Commercial enterprises implement policies that embody decisions about how corporate assets should be managed. For example, a policy implemented by a video provider says that a particular video will be available for online rental only for the next two months. The purpose of such a policy (rather than a much simpler policy that says, for example, that all videos are available for rental at all times) is to maximize rental income while decreasing the resources that would be needed if all videos were made available at all times. (It is expected that some consumers will respond to the limited rental window by renting the video when it is available rather than waiting and running the risk that the video would not be available at a later time.)

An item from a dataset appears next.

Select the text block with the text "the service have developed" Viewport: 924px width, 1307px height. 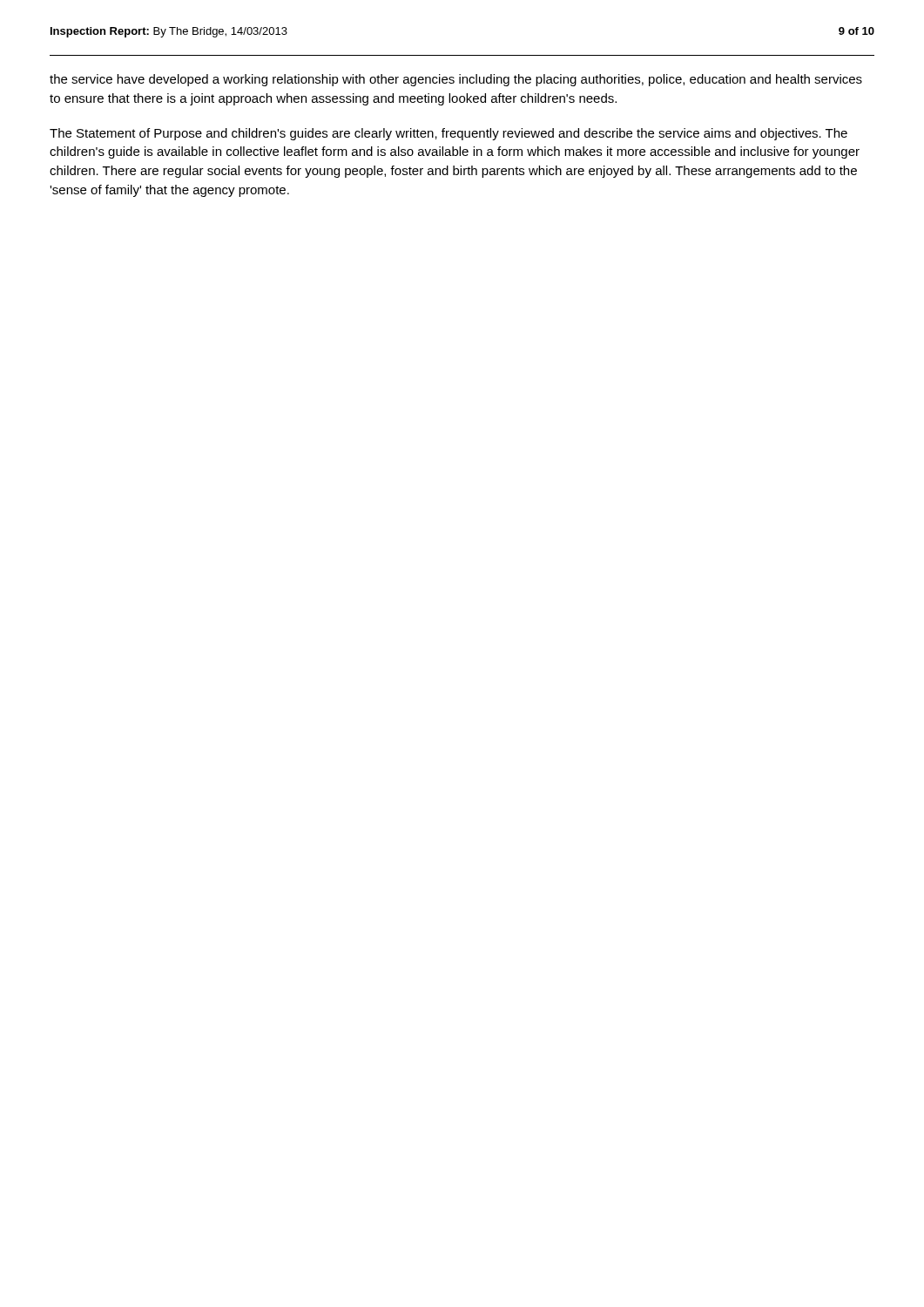point(456,88)
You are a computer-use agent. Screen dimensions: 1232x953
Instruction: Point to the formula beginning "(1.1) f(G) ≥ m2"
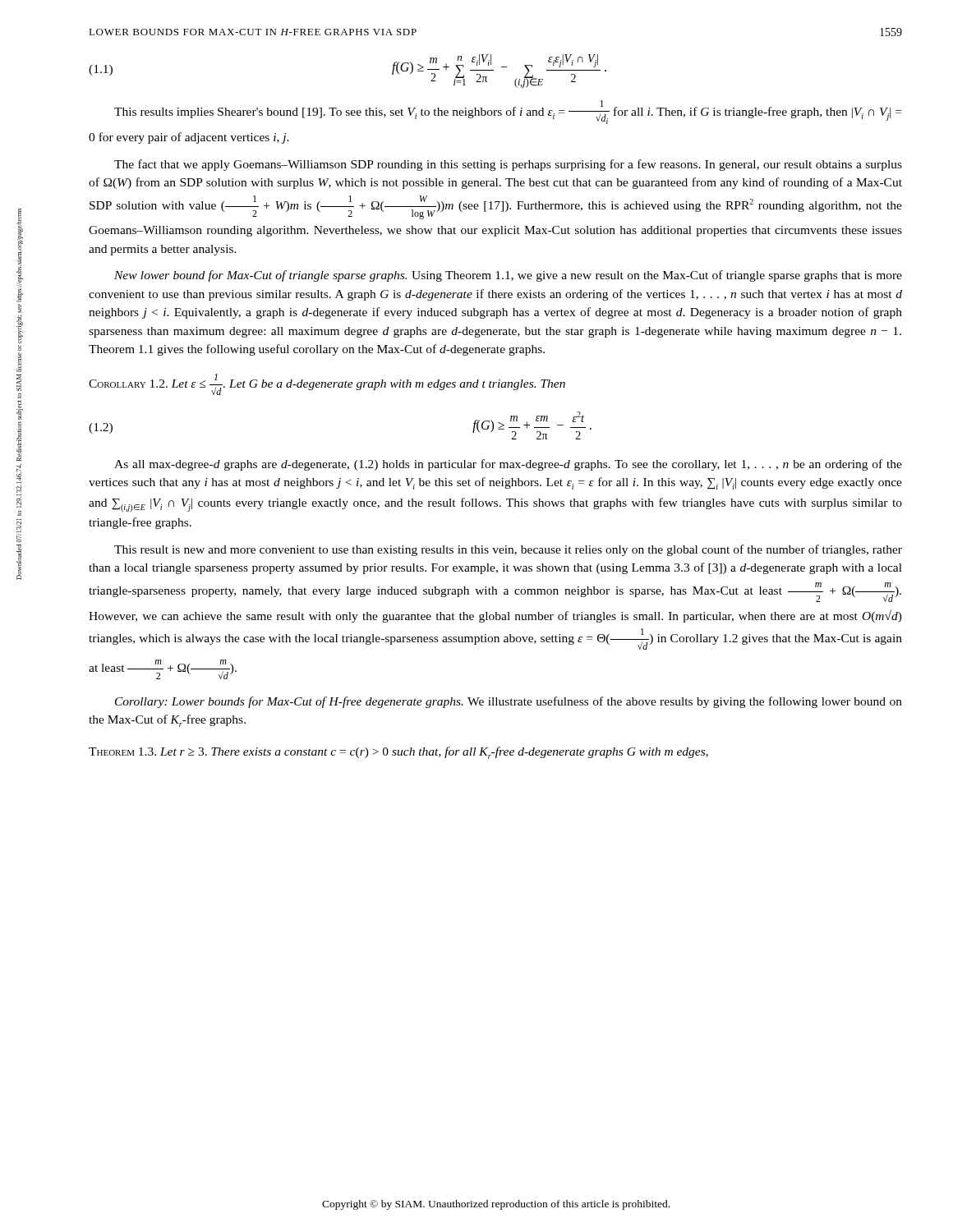coord(495,69)

The simplicity of the above example obscures the fact a corporation may have very many assets and that a specific policy may need to be implemented for each one. To extend the above example, while a single rental-window policy could be implemented for all videos, in reality the videos and their expected markets are all different, which means that, perhaps, each one should have a rental-window policy specific to it.
These asset-specific policies are often written by human experts who review the corporate assets and their commercial context and then craft an asset-specific policy to implement the corporation's goals. Having a policy specific to each asset can lead to increased efficiency and profits as each asset is treated in the manner most appropriate to it.
However, this specificity places a great burden on the human experts and increases the possibility of human error. To address these issues, some policies are drafted to depend upon variables that attempt to account for differences among assets and for their changing contexts, but keeping these context-aware policies up-to-date conflicts with the goal of making them as flexible as possible.